For a multi-dose peptide or hormone vial that you draw from repeatedly, bacteriostatic water is the conventional choice because the benzyl alcohol limits microbial growth between draws. Sterile water is the right diluent when a single dose is prepared and used immediately, when benzyl alcohol must be avoided, or when a medication's own label specifies a preservative-free diluent. Always follow the instructions of the manufacturer of the drug being reconstituted — some products are incompatible with benzyl alcohol.
How this is calculated
Every number above uses two facts: a U-100 syringe holds 100 units per millilitre, and concentration equals powder mass divided by diluent volume. The diluent type appears nowhere in that arithmetic, which is the whole point — choosing bacteriostatic or sterile water is a storage-and-safety decision, not a dosing one. The benzyl alcohol figures are simply 9 mg/mL multiplied by the draw volume. This is an educational maths tool, not medical advice; your prescriber and the product label set your actual dose, diluent, and schedule.
Can I use sterile water instead of bacteriostatic water to mix a peptide?
The reconstitution maths is identical, so the dose and units are unchanged. The trade-off is preservation: with sterile water there is no benzyl alcohol to suppress microbial growth, so the solution is meant for single use rather than repeated draws over weeks. Follow the drug manufacturer's diluent instructions.
Does bacteriostatic water change my syringe units?

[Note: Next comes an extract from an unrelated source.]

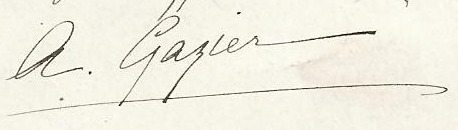
Signature of: augustin gazier
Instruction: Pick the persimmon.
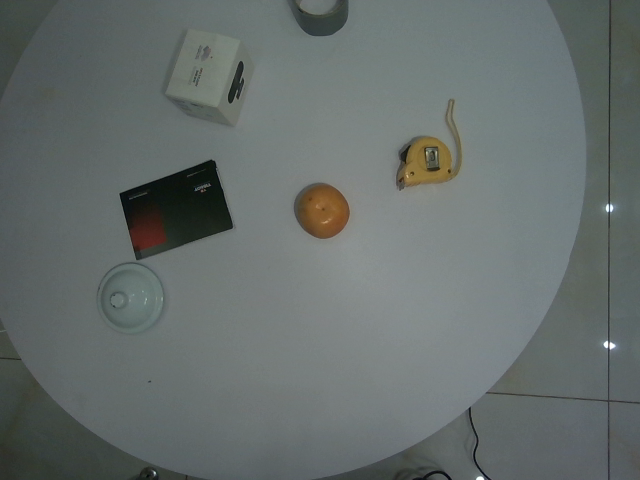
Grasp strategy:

No. Units depend only on the vial strength and the volume of diluent you add, never on whether that diluent is bacteriostatic or sterile water. A 5 mg vial in 2 mL is 2.5 mg/mL either way.
Why can't bacteriostatic water be used in newborns?

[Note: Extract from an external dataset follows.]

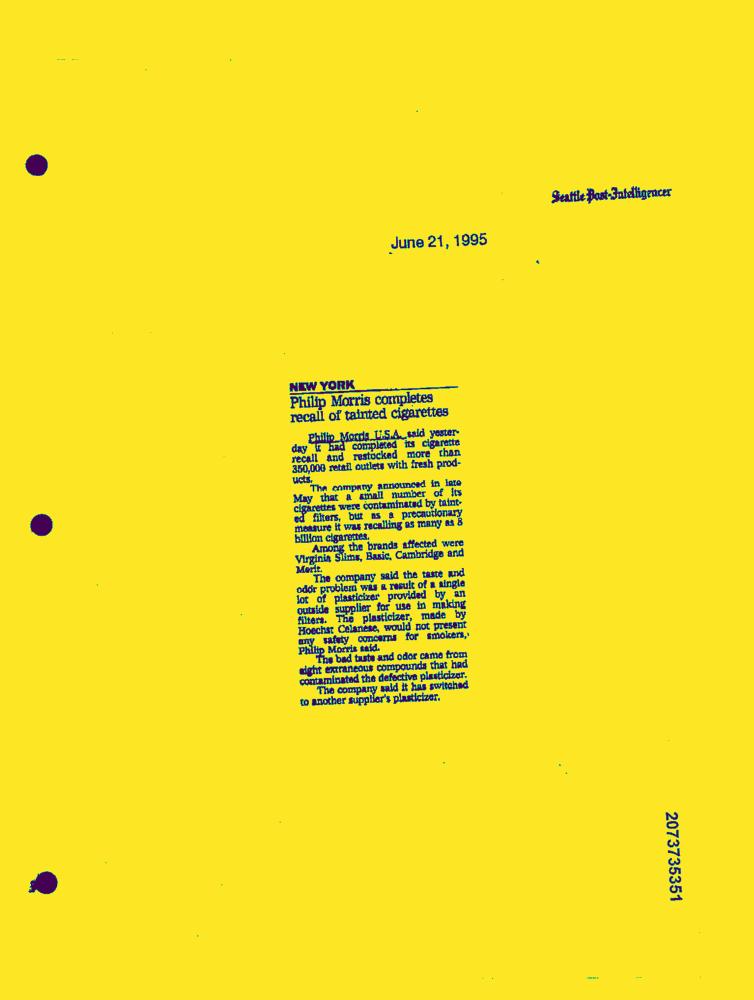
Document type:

It contains benzyl alcohol, which neonates cannot metabolise efficiently. High cumulative exposure has caused fatal "gasping syndrome" in premature infants, so labels prohibit benzyl alcohol-containing solutions in this group.

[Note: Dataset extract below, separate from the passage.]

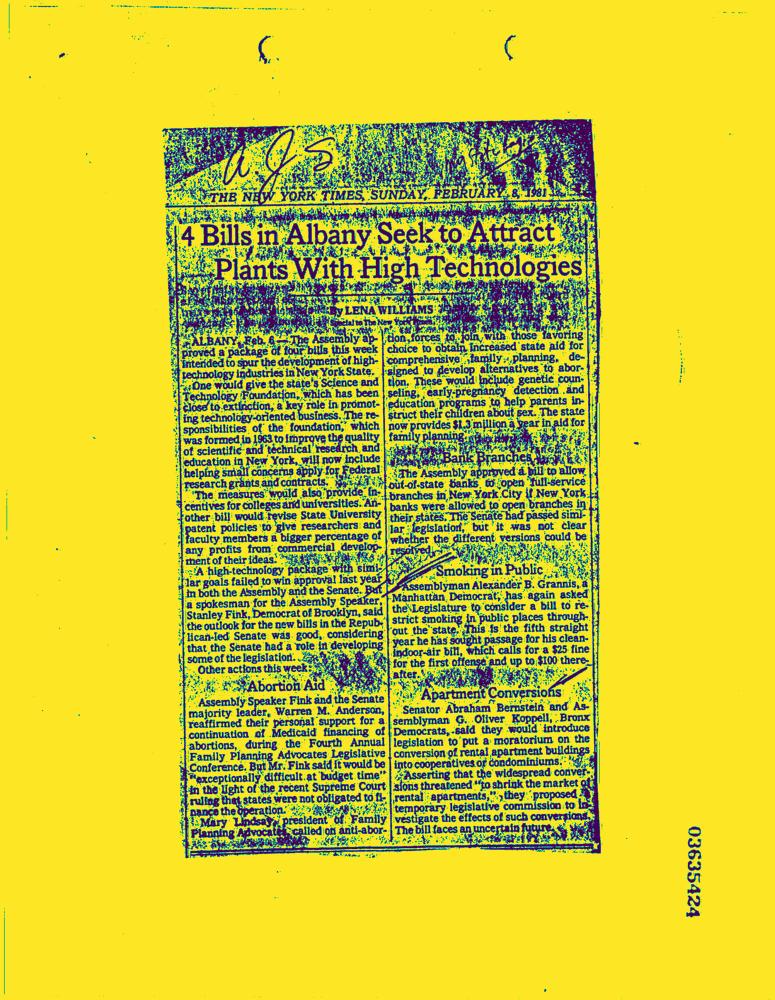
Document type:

How long does an opened bacteriostatic water vial last?
Manufacturer guidance commonly cites about 28 days once punctured, stored as directed. Sterile water has no preservative, so it is intended to be used promptly and discarded rather than stored.
Sources
- Bacteriostatic Water for Injection, USP (0.9%/1.1% benzyl alcohol, multiple-dose) — DailyMed / FDA label
- Sterile Water for Injection, USP (no bacteriostat, single-dose, IV/IM/SC) — DailyMed / FDA label
- Gershanik J, et al. The gasping syndrome and benzyl alcohol poisoning (N Engl J Med 1982)
- Lovejoy FH. Fatal benzyl alcohol poisoning in neonatal intensive care units (Am J Dis Child 1982)
- McCloskey SE, et al. Toxicity of benzyl alcohol in adult and neonatal mice (J Pharm Sci 1986)
- Vega NM, et al. Pentanol and benzyl alcohol attack bacterial surface structures differently (Appl Environ Microbiol 2016)
- Strube YNJ, et al. Bacteriostatic preserved saline for pain-free periocular injections: review (Eye 2022)
This guide is for general educational purposes only and does not constitute medical advice. Always follow your prescriber’s specific instructions and consult a qualified clinician before changing any protocol.